For those skilled in the art, technical scheme that can be more than and design, provide various corresponding
Change and deform, and all these change and deformation, should be construed as being included within the protection domain of the claims in the present invention.
Claims (7)
1. a kind of generation method of RTL hardware Trojan horses test vector, it is characterised in that comprise the following steps:
S1 generates the controlling stream graph CFG of verilog codes;
The controlling stream graph CFG that S2 generates according to step S1, concurrent symbolic execution technique is used to module file to be analyzed, obtained
The semiology analysis expression formula of output variable under specified path condition pc, i.e.,<pc,exp>;
S3 carries out satisfiability solving to the path condition pc that is obtained in step S2, obtain satiable path condition set and its
Corresponding input variable value, generate test vector;
The test vector obtained in S4 foundation steps S3, by<pc,exp>Mapping relations, solving output variable can meet
Property solve path condition pc under corresponding semiology analysis expression formula exp value;Obtain<Test vector, output vector>Reflect
Penetrate relation.
2. the generation method of RTL hardware Trojan horses test vector according to claim 1, it is characterised in that:In step S1, lead to
Definition statement node types, generated statement node, the forerunner for establishing sentence node and follow-up relation are crossed, generates controlling stream graph.

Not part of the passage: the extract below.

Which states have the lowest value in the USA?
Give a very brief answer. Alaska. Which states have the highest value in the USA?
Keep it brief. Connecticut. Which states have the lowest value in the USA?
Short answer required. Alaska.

3. the generation method of RTL hardware Trojan horses test vector according to claim 2, it is characterised in that:Step S1 is specific
Comprise the following steps:
The sentence node types of S1.1 designs have:ALWAYS, ALWAYS_END, IF, ELSE, IF_END, CASE, CASEX,
CASEZ, CASE_ITEM, CASE_END, FOR, FOR_END, TASK, TASK_END, ASSIGN_BLOCK, ASSIGN_
NONBLOCK, ASSIGN_CONTINUOUS, INSTANTIATION;
In addition, whole code starts to increase an ENTER node, end increases an EXIT node, and uncertain type is
NONE nodes, wherein always, if, case (casex, casez), the node corresponding to for, task are to control node, ENTER
It is control node with EXIT, blocks assignment, non-obstruction assignment and be continuously entered as assignment node;Using the antrl4 to increase income and
The verilog2001.g4 that Terence Parr write, the grammer of verilog Method at Register Transfer Level design codes is parsed, is carried successively
Every verilog sentence is taken to be analyzed;The sentence node of design generation controlling stream graph;One sentence is corresponded in controlling stream graph
One node, the type of sentence node are set for the sentence that verilog can be integrated;In order to effectively distinguish disparate modules
Variable in file, the variable name of all analyses is changed to following form:Module name _ M_ original variable names;
The forerunner and follow-up relation that S1.2 is established between sentence node according to sentence node types:Controlling stream between sentence node
Relation is embodied between control node and the connection between control node and assignment node, for the company between assignment node
Connect, do not indicate that control planning, it is merely meant that going out position relationship of the sentence of assignment node representative in code, the ENTER of addition
Node is the beginning node of whole code, and EXIT nodes are the end nodes of whole code, Always statement interludes, example sentence and
It is concurrency relation between continuous assignment statement, it is related there is grammer between if, case, for sentence in Always statement interludes
Control interval and control sequence relation;Forerunner between each sentence node is determined according to control interval and control planning
With follow-up relation;
S1.3, using breadth first traversal, generates verilog codes according to the forerunner between each sentence node and follow-up relation
Controlling stream graph CFG.
4. the generation method of RTL hardware Trojan horses test vector according to claim 1, it is characterised in that step S2 is specific
It is as follows:
Each example sentence of S2.1 circular treatments, submodule filename corresponding to acquisition example module, obtains submodule block file
Semiology analysis result;
Submodule port variable name is substituted for module file to be analyzed by S2.2 according to example sentence port variable mapping relations
Port variable name, while the submodule port variable name included in pc and exp is substituted for the end of module file to be analyzed
Mouth variable name;
Module file to be analyzed S2.3 carries out semiology analysis operation, while path condition pc is converted to SMT-LIBv2 language
Method form, exp is converted to SMT-LIBv2 grammatical form;It is then back to corresponding to output variable<pc,exp>Set.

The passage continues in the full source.